ある産婦人科医のひとりごと

産婦人科医療のあれこれ。日記など。

旭川日赤の産婦人科医3人 旭医大が派遣打ち切りへ (北海道新聞)

2007年02月15日 | 地域周産期医療

コメント(私見):

事情はよくわかりませんが、医師引き揚げの通告から実際の引き揚げ開始までにたった2ヶ月間しかなければ、産科継続のために秘策を練ることも非常に難しいかもしれません。

産科休止が報道されている事例は非常に多いですが、報道されている事例は全体の中のほんのごく一部だけだと思います。

今、地域を代表する大病院の産婦人科が、相次いで、分娩取り扱い中止に追い込まれています。一つの病院が分娩の取り扱いを中止すれば、その周辺の残された病院には、さらに患者が集中し、それらの病院の助産師や産婦人科医の勤務状況がますます悪化して、ドミノ倒し式に、産科空白地域が加速度を増して広がりつつあります。

産婦人科医が去った後、病院に大勢の助産師達が取り残されて看護師として働く事例が非常に多いようですが、彼女達がせっかくの貴重な技能を発揮できないのは、その地域にとって非常に大きな損失だと思います。

医師は医局人事で病院間を移動しますが、助産師は病院に固定されて病院間の移動が難しいのが実情です。いくら医師だけを集約しても、集約先の病院では、分娩が集中して極端な助産師不足に陥ることになってしまう事例も少なくないと思います。医師と助産師の病院間の移動を連動させる必要があると思われます。

****** 北海道新聞、2007年2月14日

旭川日赤の産婦人科医3人 旭医大が派遣打ち切りへ

 【旭川】旭医大は、旭川赤十字病院(後藤聡院長、七百六十五床)産婦人科への常勤医派遣を早ければ五月末で打ち切ることを決め、同病院に通告した。

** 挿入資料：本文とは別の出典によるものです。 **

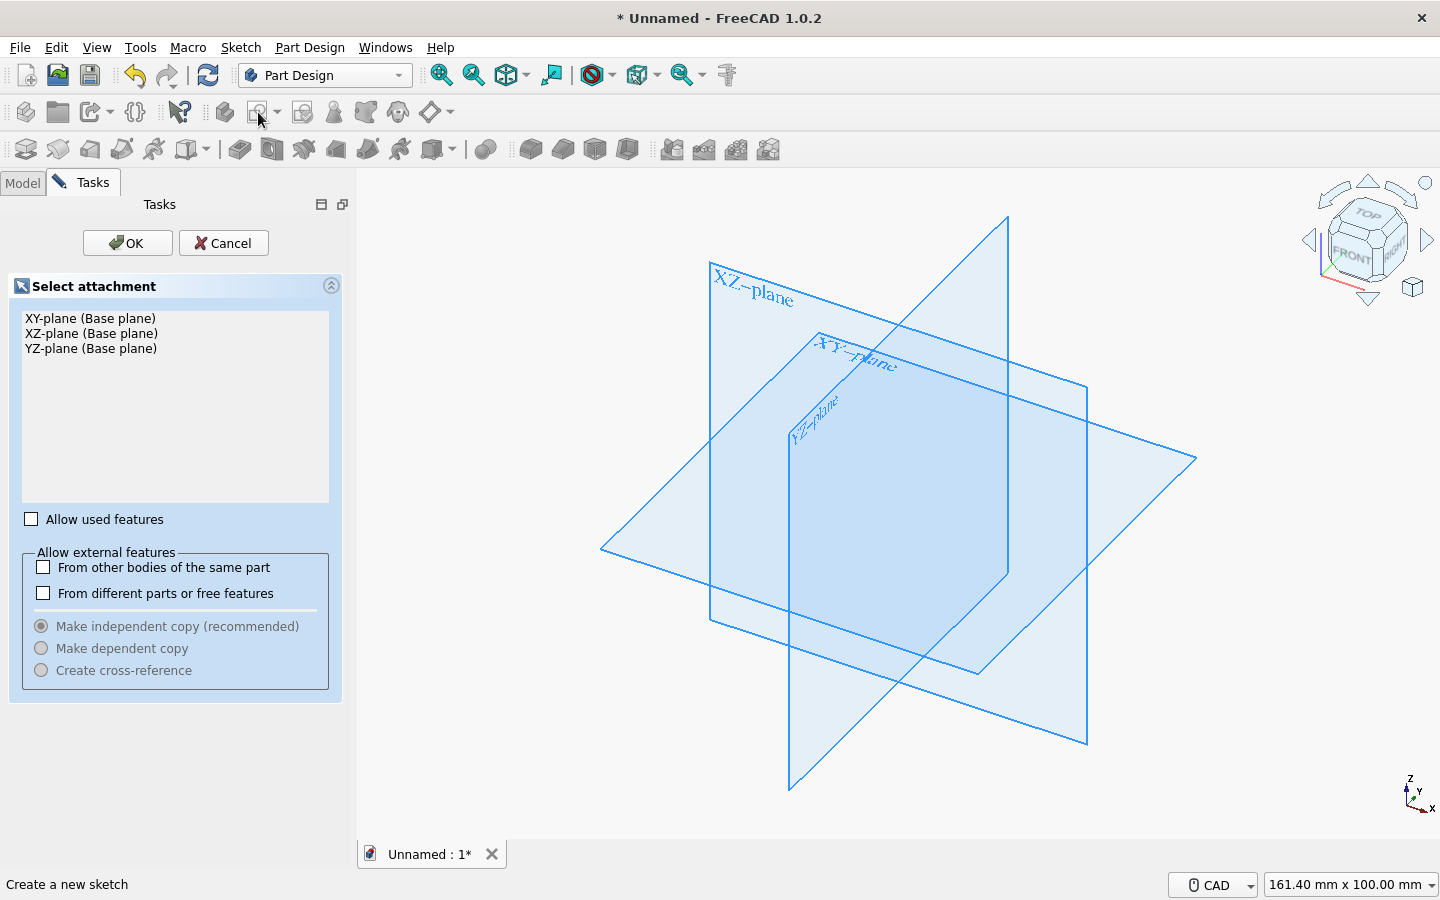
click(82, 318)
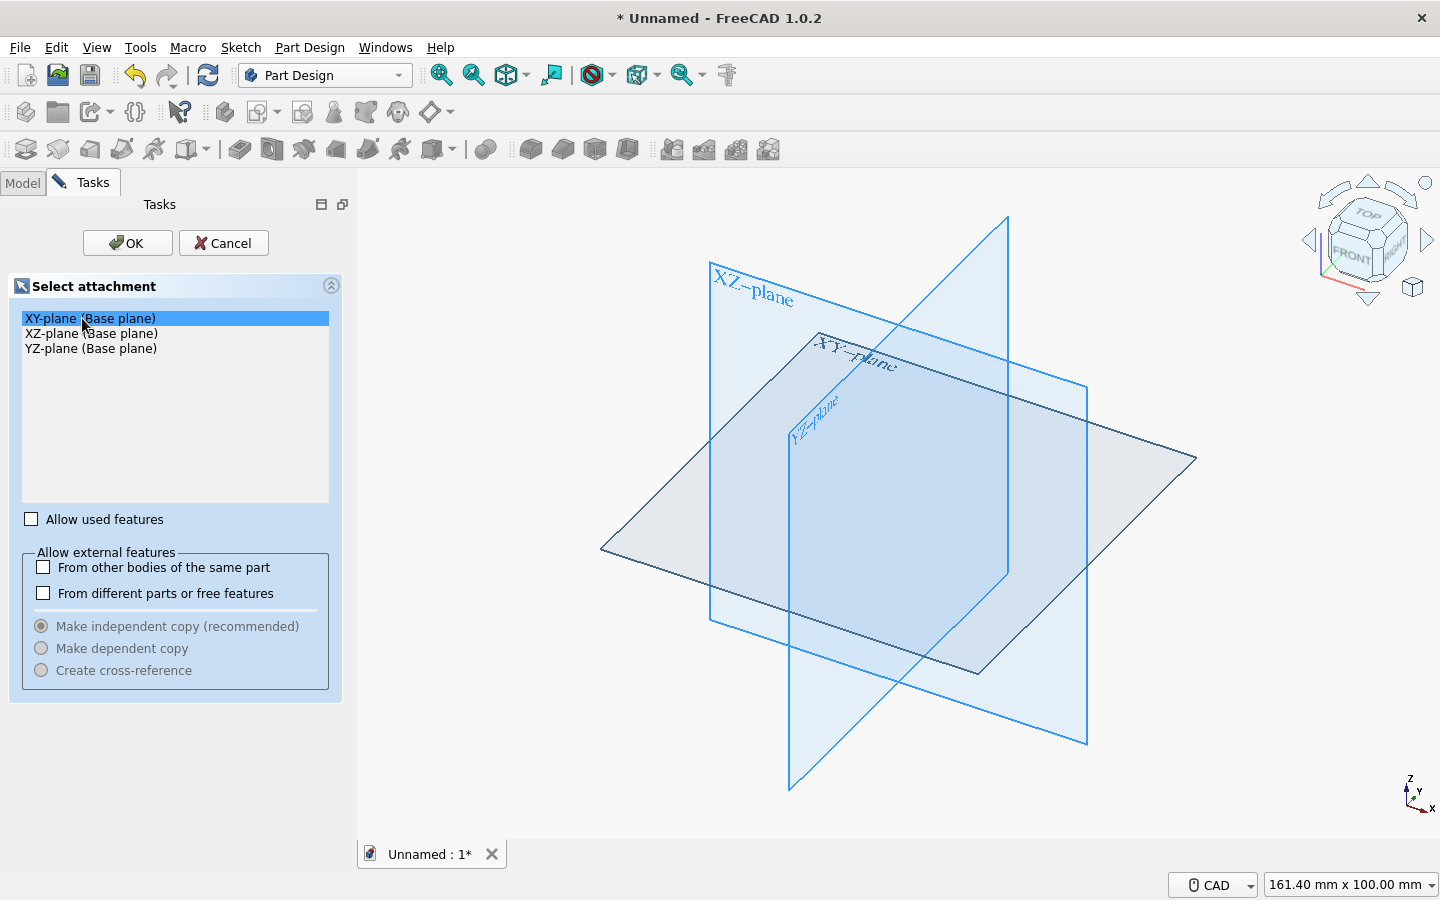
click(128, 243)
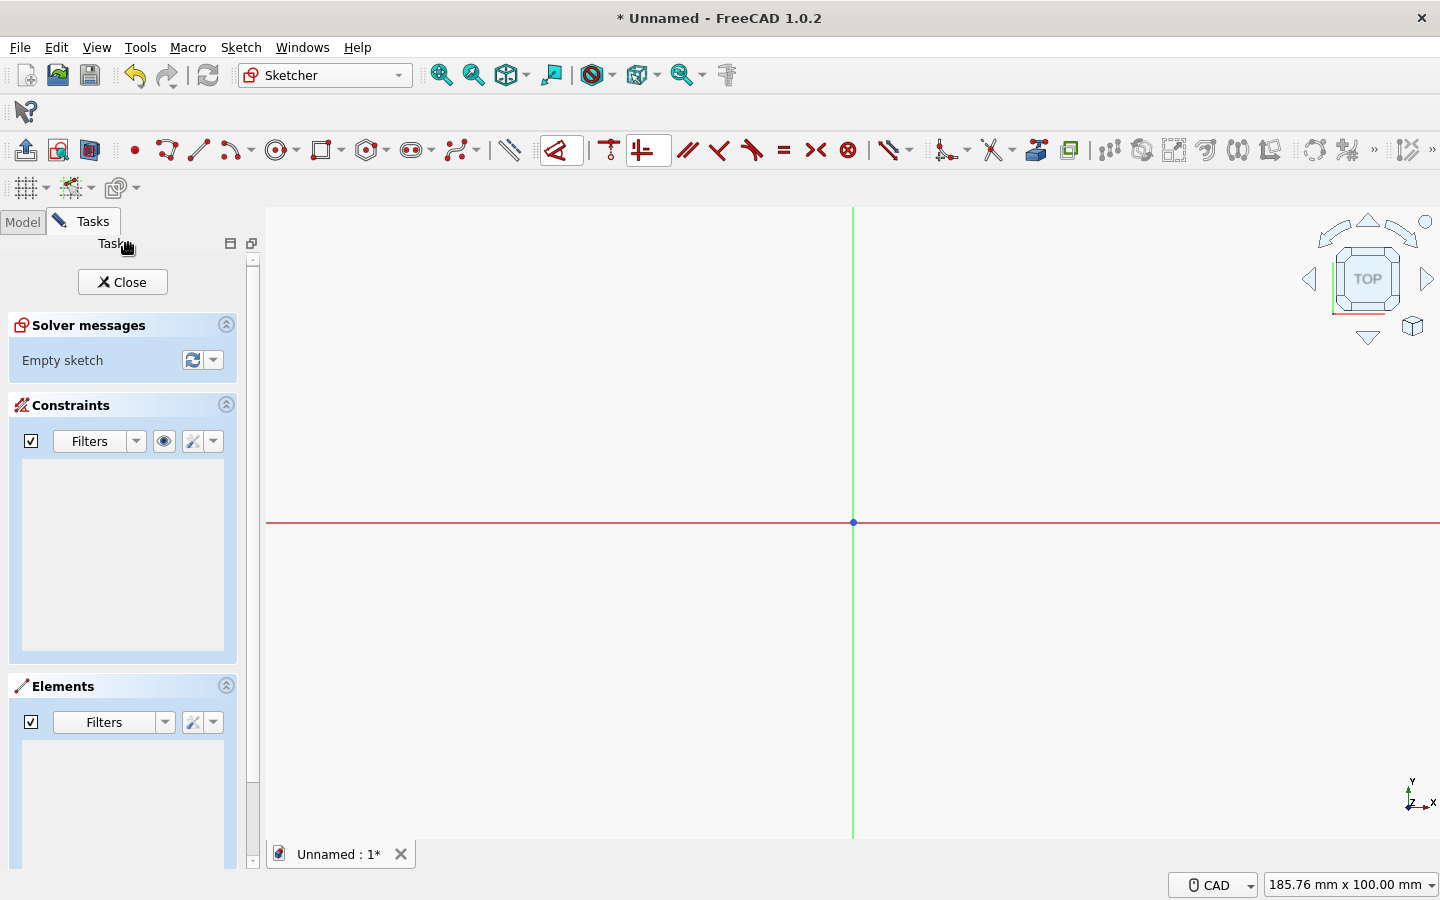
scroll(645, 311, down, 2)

旭川赤十字病院は「最悪の場合、産婦人科の一時休診もありうる」としている。

 同科には十三日現在、三人の常勤医がいるが、いずれも旭医大からの派遣で、三人のうち二人は三月末で、残る一人もその二-四カ月後に引き揚げる。旭医大から病院に通告があったのは今月一日。引き揚げ開始まで二カ月しかない中、同病院は診療継続に向けて独自に医師を探す一方、四月以降の救急患者の診療体制見直しを進めている。